I rode one a month or so ago at Demo days here at Hood...140ish lbs size 9.5 boot. Worked great...will probably be the next board i buy...


----------



## redlude97 (Jan 9, 2008)

The 157's are sold out just about everywhere though, and I can get the 159 for $335 vs. $500 for the 157.


----------



## legallyillegal (Oct 6, 2008)

i ride a 172 summit with size 8 boots with no problems


----------



## redlude97 (Jan 9, 2008)

legallyillegal said:


> i ride a 172 summit with size 8 boots with no problems


Do you notice it being a bit more sluggish?


----------



## FLuiD (Jul 6, 2009)

I don't think the width would be to much of a problem personally. Like you said the 157 F1-R would be a good option. I looked real quick online and your right there doesn't seem to be to many around. You can try and find one at a local shop in CO. Call Thrifty Stick, Emage etc. If you find one out here I would be happy to ship it to you if the shop wont etc... You might also want to contact Vince or NS directly and see if they can track one down for you. 

I honestly think the 159 would be fine though! Another option that would be full price is to get a Lotus-R made with the Premier top/bottom. I have a small footed buddy who demo'd a Lotus and got made fun of but really liked the board. He contacted Gags at NS and they said they would do a custom one if he wanted. I dunno how much $$$ that would be though!


----------



## Triple8Sol (Nov 24, 2008)

You're gonna be fine with that waist width. More than fine, in fact. Also keep in mind this is going to be a pow board for you, not something you're going to be riding on icy days or just on blue groomers or something.


----------



## legallyillegal (Oct 6, 2008)

redlude97 said:


> Do you notice it being a bit more sluggish?
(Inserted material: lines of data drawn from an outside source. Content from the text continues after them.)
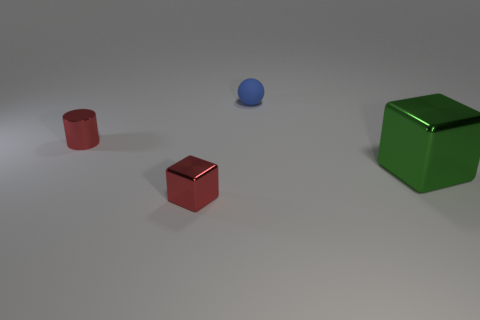Is there anything else that has the same material as the small ball?
Give a very brief answer. No. What shape is the small red metal object that is behind the metallic cube that is to the right of the tiny blue rubber thing?
Your answer should be very brief. Cylinder. Are there the same number of large green metal blocks that are behind the tiny blue matte thing and purple metallic objects?
Your answer should be compact. Yes. What is the material of the object that is on the left side of the small metal object in front of the object that is right of the small blue matte thing?
Keep it short and to the point. Metal. Is there a metal cube that has the same size as the matte sphere?
Your answer should be compact. Yes. The blue rubber object is what shape?
Make the answer very short. Sphere. What number of cubes are either small blue matte objects or tiny brown rubber things?
Give a very brief answer. 0. Are there the same number of tiny blue rubber balls behind the matte ball and big blocks to the right of the tiny block?
Provide a succinct answer. No. How many small things are on the left side of the block that is left of the shiny thing on the right side of the rubber thing?
Make the answer very short. 1. What shape is the small object that is the same color as the cylinder?
Give a very brief answer. Cube.

more to do with the specific sidecut and overall size rather than the width


----------



## redlude97 (Jan 9, 2008)

Just pulled the trigger, evo price matched it plus 5% off, and the total came to $303.64 shipped!


----------



## Triple8Sol (Nov 24, 2008)

redlude97 said:


> Just pulled the trigger, evo price matched it plus 5% off, and the total came to $303.64 shipped!


Cool, so that means I get to ride it before you do, right?


----------



## jeri534 (Feb 19, 2008)

PM on where to get it for that cheap? Ive been looking for one for my big mountain/freeride stick and Ill buy it if its that cheap


----------



## Triple8Sol (Nov 24, 2008)

jeri534 said:


> PM on where to get it for that cheap? Ive been looking for one for my big mountain/freeride stick and Ill buy it if its that cheap


Paragon Sports
http://www.paragonsports.com/webapp...&ip_tid=&categoryId=28759&ip_wcsCompareItems=


----------



## jeri534 (Feb 19, 2008)

dont have anymore F1s


----------



## iNeedPow (Nov 20, 2010)

*Whiteroom touring split board*

I'm trying to decide between the 162 and 165 Rome Whiteroom splitboard for touring, and need help deciding.

162=258mm waist width
165=262 waist width

I have a size 9.5 boot. I have 2 other boards: 154 NS Proto and 157 Arbor Coda. Both with WW of around 253.

The 162 will provide more agility overall, but he 165 will provide more float and stability going uphill and downhill. My concern is that the 165 will be slightly too slugish while riding, edge to edge. Any thoughts? If I plan to ONLY use this in pow, will I be okay with that huge WW? Or should I get the 162...

Thanks for any input doods


----------